Consistent with the targeted module analysis, differential gene expression analyses across time showed a large transcriptome-wide response in samples collected two and six months after bleaching relative to pre-bleaching baseline expression (figure 4). A total of 4766 DECs (2805 upregulated and 1961 downregulated contigs) were identified between samples collected two months after bleaching and pre-bleaching baseline samples (figure 4a; electronic supplementary material, dataset S1). The top upregulated DECs at the two-month time point in April 2015 had annotations for proteins involved in response to stress and apoptosis, including heat-shock proteins, the transcription factor fosB, and BAG-domain containing proteins (electronic supplementary material, table S6 and dataset S1). Functional enrichment analyses showed that the upregulated DECs at two months were significantly enriched (p.adj < 0.05) for gene products associated with extracellular regions and calcium ion binding (electronic supplementary material, table S7). Downregulated contigs had no significant functional enrichment.

Figure 4.

Figure 4.

Changes in transcriptome-wide gene expression across the bleaching recovery period. (a) Regression of contig expression for each sample date (y-axis) against pre-bleaching baseline expression (x-axis). Each point represents a differentially expressed contig (DECs, p.adj < 0.05) identified using DESeq2. Points above the 1:1 line are upregulated and below the 1:1 are downregulated at the respective date relative to pre-bleaching baseline levels. (b) DAPC of transcriptome-wide gene expression data. Plot displays the density distribution of colonies along the first principle component and arrows mark the direction and magnitude of the transcriptional shift across the recovery period. (Online version in colour.)

Six months after bleaching in August 2015, the number of DECs relative to pre-bleaching baseline expression remained high at 4690 (2896 upregulated and 1794 downregulated) (figure 4a; electronic supplementary material, dataset S2). While the top DECs from April 2015 remained strongly upregulated in August 2015, the contigs with greatest increase in expression at the six-month time point in August 2015 were involved in amino acid modification and metabolism of complex sugars, and included two contigs with annotations for glycosyl-hydrolase family 5 proteins (endoglucanase and glycosyl hydrolase) and two for aspartate-beta hydroxylase domain containing proteins (electronic supplementary material, table S6 and dataset S2). These contigs were more highly expressed at the six-month time point by 460- to 820-fold across all colonies and returned to normal in subsequent time points (electronic supplementary material, figure S3). Functional enrichment analyses showed that upregulated DECs at six months were significantly enriched (p.adj < 0.05) for GO terms including extracellular regions, signalling, plasma membrane, response to stimulus and cell projection, among others (electronic supplementary material, table S7). Downregulated DECs were functionally enriched for gene products associated with cellular compartments including vacuoles and endosomes. By December 2015, 10 months after initial bleaching, the number of DECs relative to pre-bleaching baseline expression declined to 815 (electronic supplementary material, dataset S3), and remained low at the 12 month mark (figure 4a; electronic supplementary material, dataset S4).

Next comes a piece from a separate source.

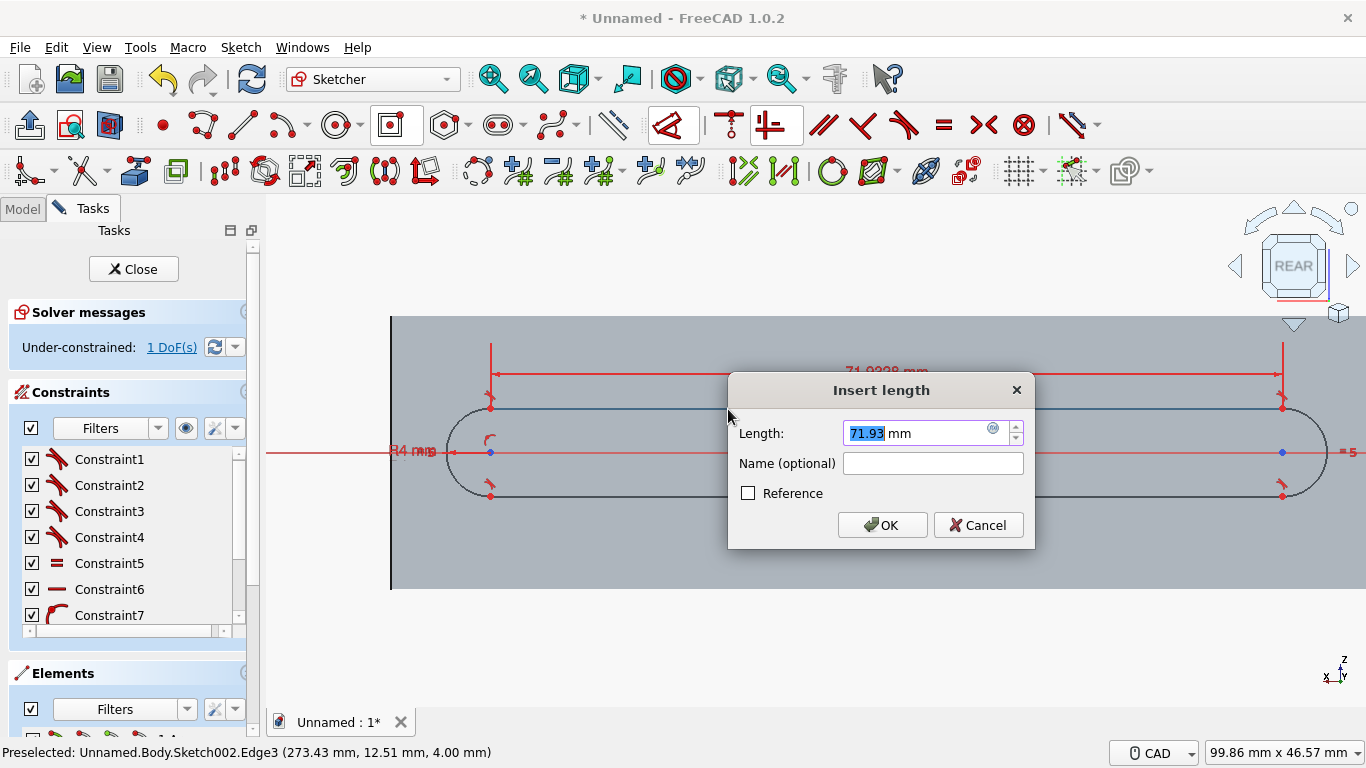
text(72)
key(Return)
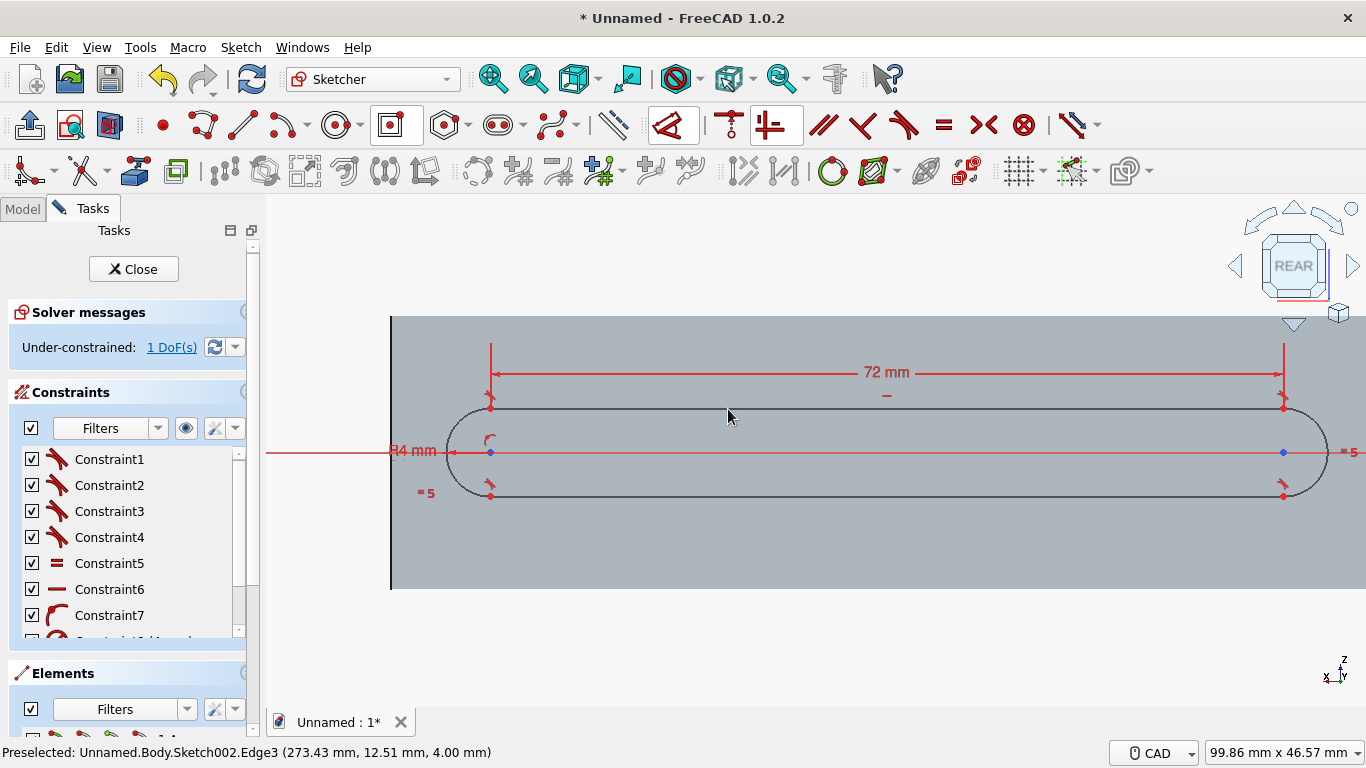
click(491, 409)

A discriminant analysis of principle components (DAPC) based on 9839 contigs identified a clear transcriptome-wide shift in expression along the first principle component at two months relative to the pre-bleaching baseline (figure 4b). Consistent with the targeted module analysis, this response intensified at the six month time point in August 2015. The response subsided by 10 months and returned to near pre-bleaching levels by 12 months (figure 4b).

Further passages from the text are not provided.